(Exercise input Opens)

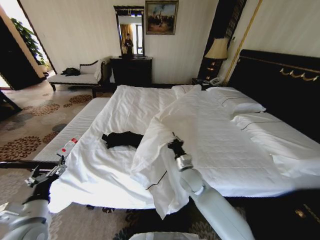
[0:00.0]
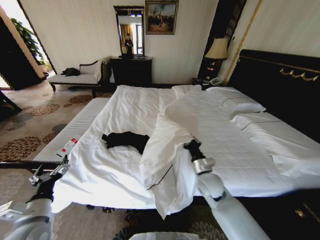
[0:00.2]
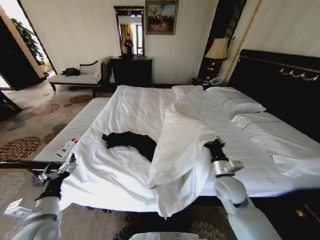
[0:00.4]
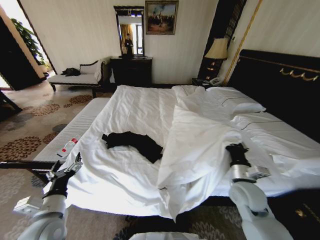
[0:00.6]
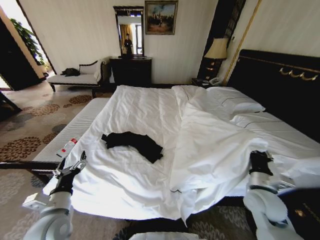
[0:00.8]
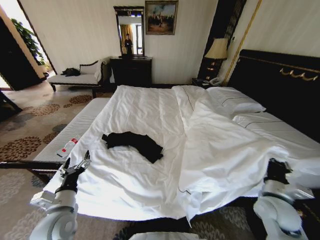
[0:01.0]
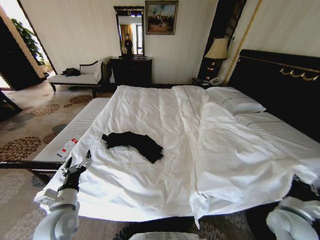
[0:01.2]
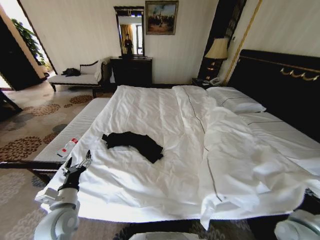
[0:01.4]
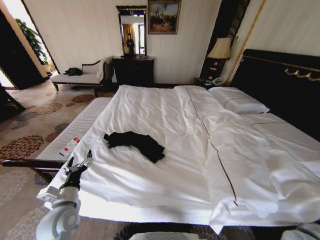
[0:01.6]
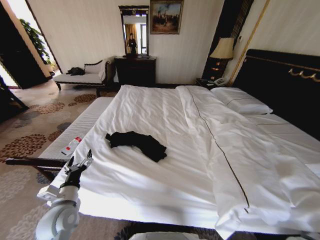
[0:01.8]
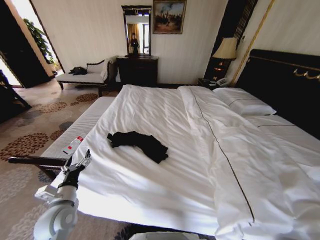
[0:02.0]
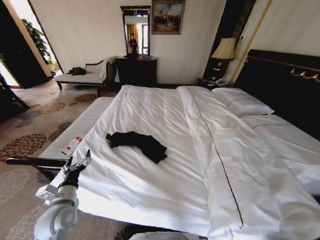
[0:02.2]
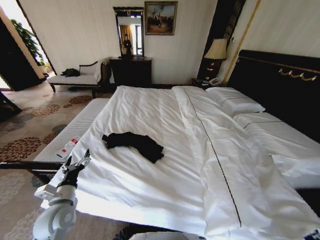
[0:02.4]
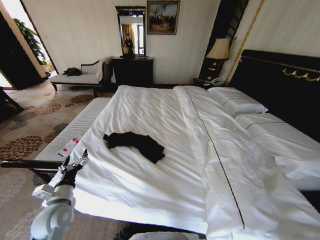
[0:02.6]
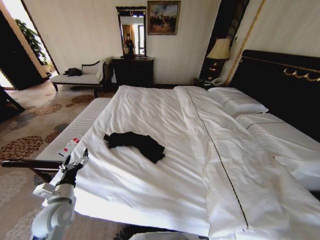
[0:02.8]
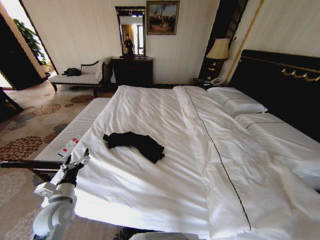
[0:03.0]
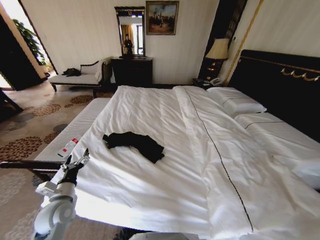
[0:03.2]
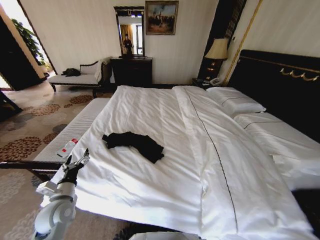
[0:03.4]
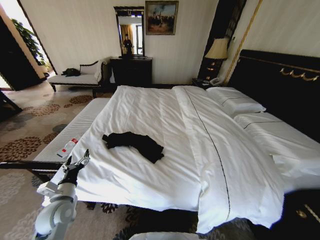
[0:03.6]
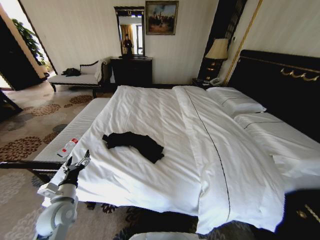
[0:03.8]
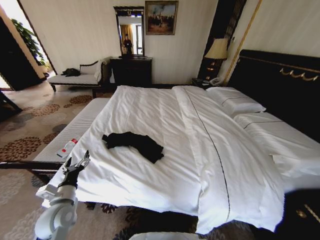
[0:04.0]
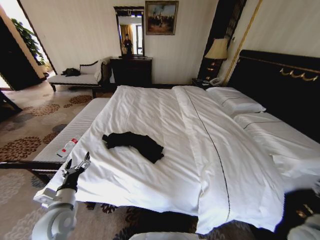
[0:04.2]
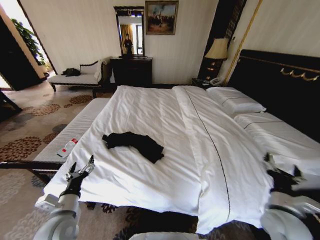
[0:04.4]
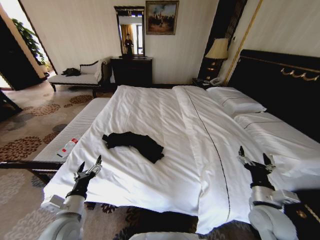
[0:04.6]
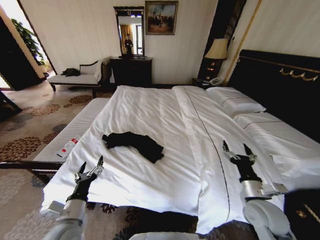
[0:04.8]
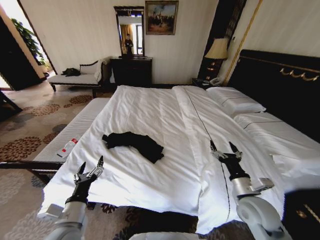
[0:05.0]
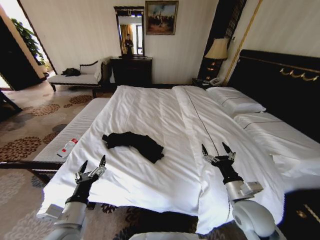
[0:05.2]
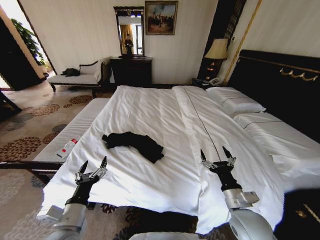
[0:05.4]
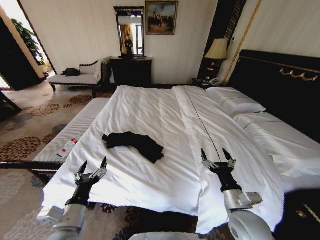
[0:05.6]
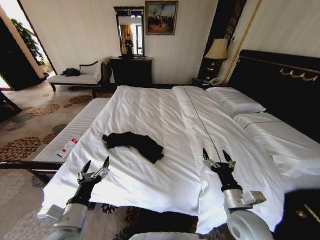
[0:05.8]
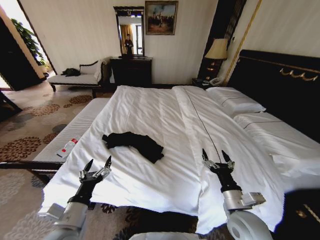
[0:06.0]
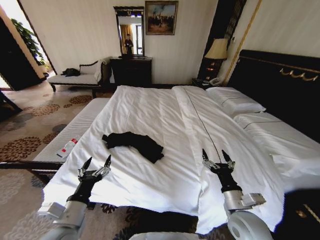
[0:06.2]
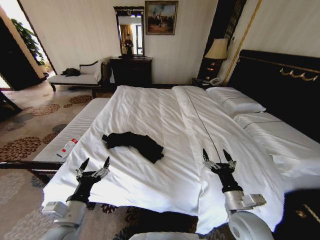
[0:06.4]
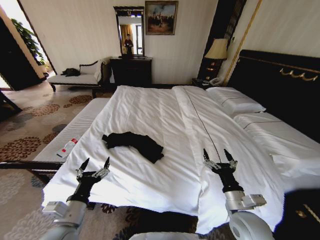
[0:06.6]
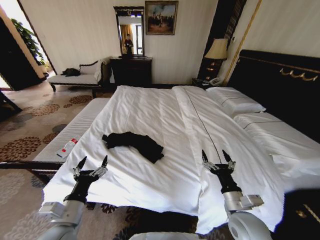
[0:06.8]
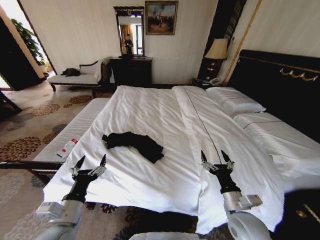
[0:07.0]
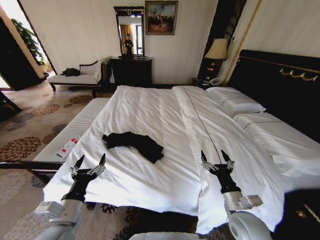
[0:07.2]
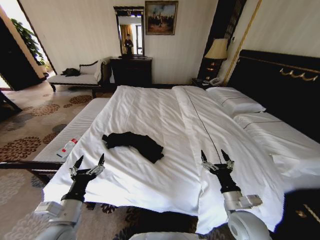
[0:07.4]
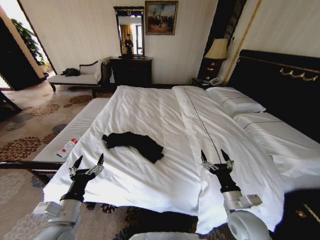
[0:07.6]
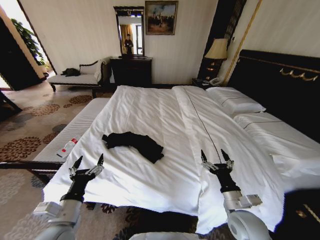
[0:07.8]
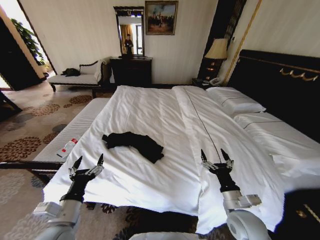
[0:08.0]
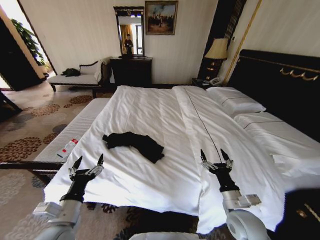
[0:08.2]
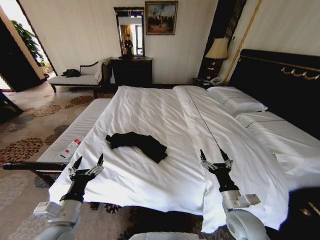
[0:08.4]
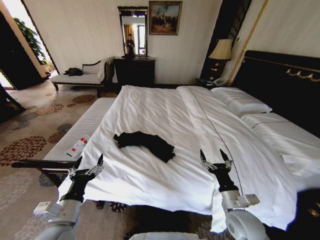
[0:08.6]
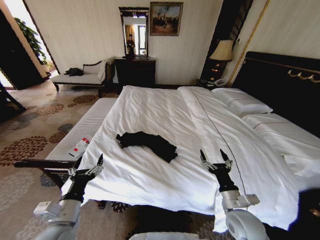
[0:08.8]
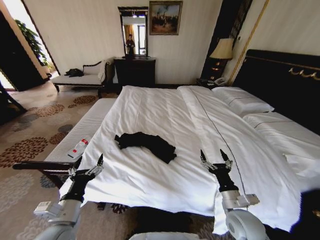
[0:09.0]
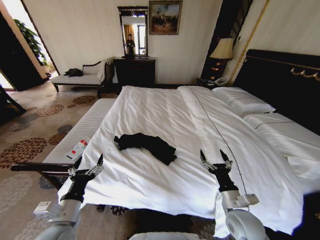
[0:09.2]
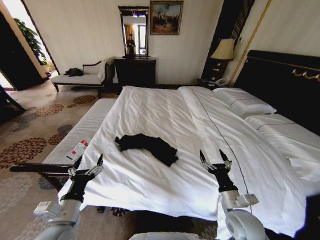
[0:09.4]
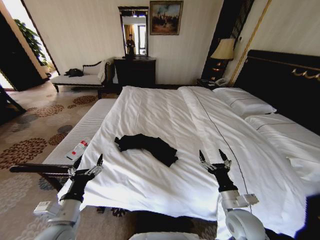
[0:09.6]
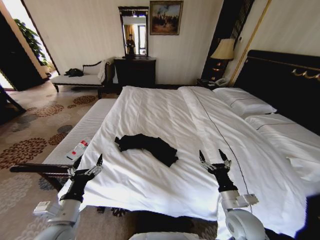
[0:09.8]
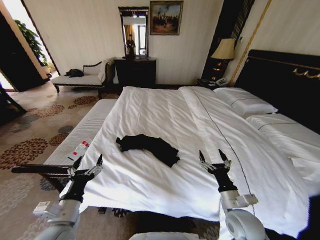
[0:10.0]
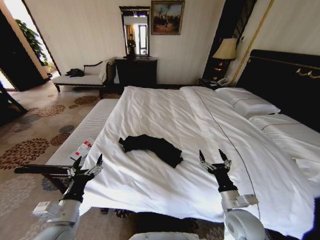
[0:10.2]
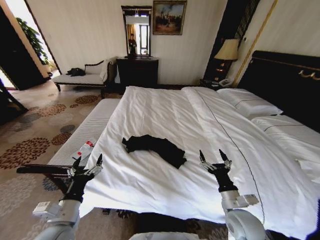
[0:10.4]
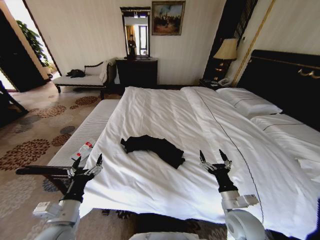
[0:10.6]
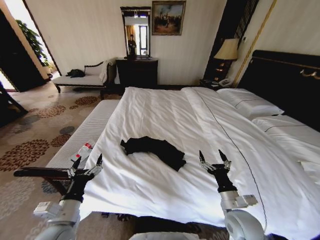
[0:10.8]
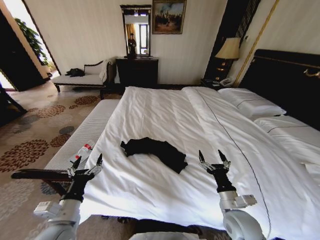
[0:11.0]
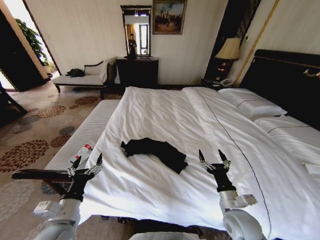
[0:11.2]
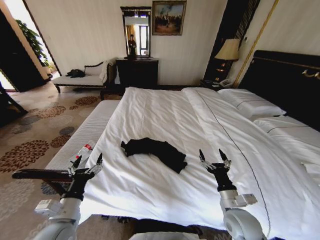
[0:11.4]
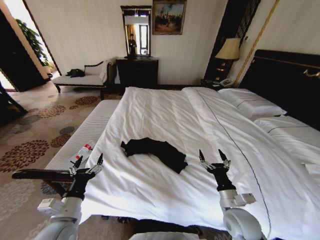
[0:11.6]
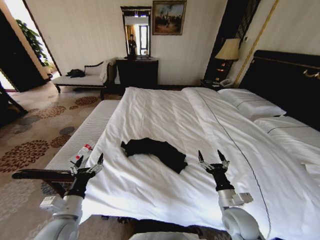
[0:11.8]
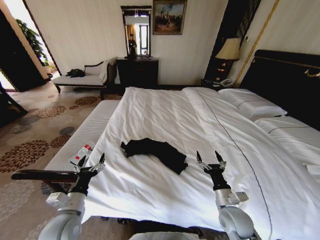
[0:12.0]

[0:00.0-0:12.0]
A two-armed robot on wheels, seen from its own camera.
Task of the whole recording: Fold the clothes on the bed.
0:00.0 to 0:01.6: The left gripper shifts by about 10 cm. Meanwhile the right gripper heads to the right and backward, covering roughly 40 cm.
0:01.6 to 0:03.0: The right gripper travels backward by approximately 5 cm, reaches about 10 cm downward, then returns, and opens its fingers.
0:03.0 to 0:04.4: The left gripper shifts by about 5 cm. The right gripper shifts some 15 cm forward, to the left and upward.
0:04.4 to 0:06.0: The left gripper ends up roughly 5 cm from where it was. Meanwhile the right gripper is displaced to the left by some 15 cm.
0:06.0 to 0:07.6: The grippers stay close to where they were, moving slightly.

(Exercise input Closes)

Pictures are to be left out; repeat all the remaining data exactly.

## Exercise result
[0:00.0]
[0:00.2]
[0:00.4]
[0:00.6]
[0:00.8]
[0:01.0]
[0:01.2]
[0:01.4]
[0:01.6]
[0:01.8]
[0:02.0]
[0:02.2]
[0:02.4]
[0:02.6]
[0:02.8]
[0:03.0]
[0:03.2]
[0:03.4]
[0:03.6]
[0:03.8]
[0:04.0]
[0:04.2]
[0:04.4]
[0:04.6]
[0:04.8]
[0:05.0]
[0:05.2]
[0:05.4]
[0:05.6]
[0:05.8]
[0:06.0]
[0:06.2]
[0:06.4]
[0:06.6]
[0:06.8]
[0:07.0]
[0:07.2]
[0:07.4]
[0:07.6]
[0:07.8]
[0:08.0]
[0:08.2]
[0:08.4]
[0:08.6]
[0:08.8]
[0:09.0]
[0:09.2]
[0:09.4]
[0:09.6]
[0:09.8]
[0:10.0]
[0:10.2]
[0:10.4]
[0:10.6]
[0:10.8]
[0:11.0]
[0:11.2]
[0:11.4]
[0:11.6]
[0:11.8]
[0:12.0]

[0:00.0-0:12.0]
A two-armed robot on wheels, seen from its own camera.
Task of the whole recording: Fold the clothes on the bed.
0:00.0 to 0:01.6: The left gripper shifts by about 10 cm. Meanwhile the right gripper heads to the right and backward, covering roughly 40 cm.
0:01.6 to 0:03.0: The right gripper travels backward by approximately 5 cm, reaches about 10 cm downward, then returns, and opens its fingers.
0:03.0 to 0:04.4: The left gripper shifts by about 5 cm. The right gripper shifts some 15 cm forward, to the left and upward.
0:04.4 to 0:06.0: The left gripper ends up roughly 5 cm from where it was. Meanwhile the right gripper is displaced to the left by some 15 cm.
0:06.0 to 0:07.6: The grippers stay close to where they were, moving slightly.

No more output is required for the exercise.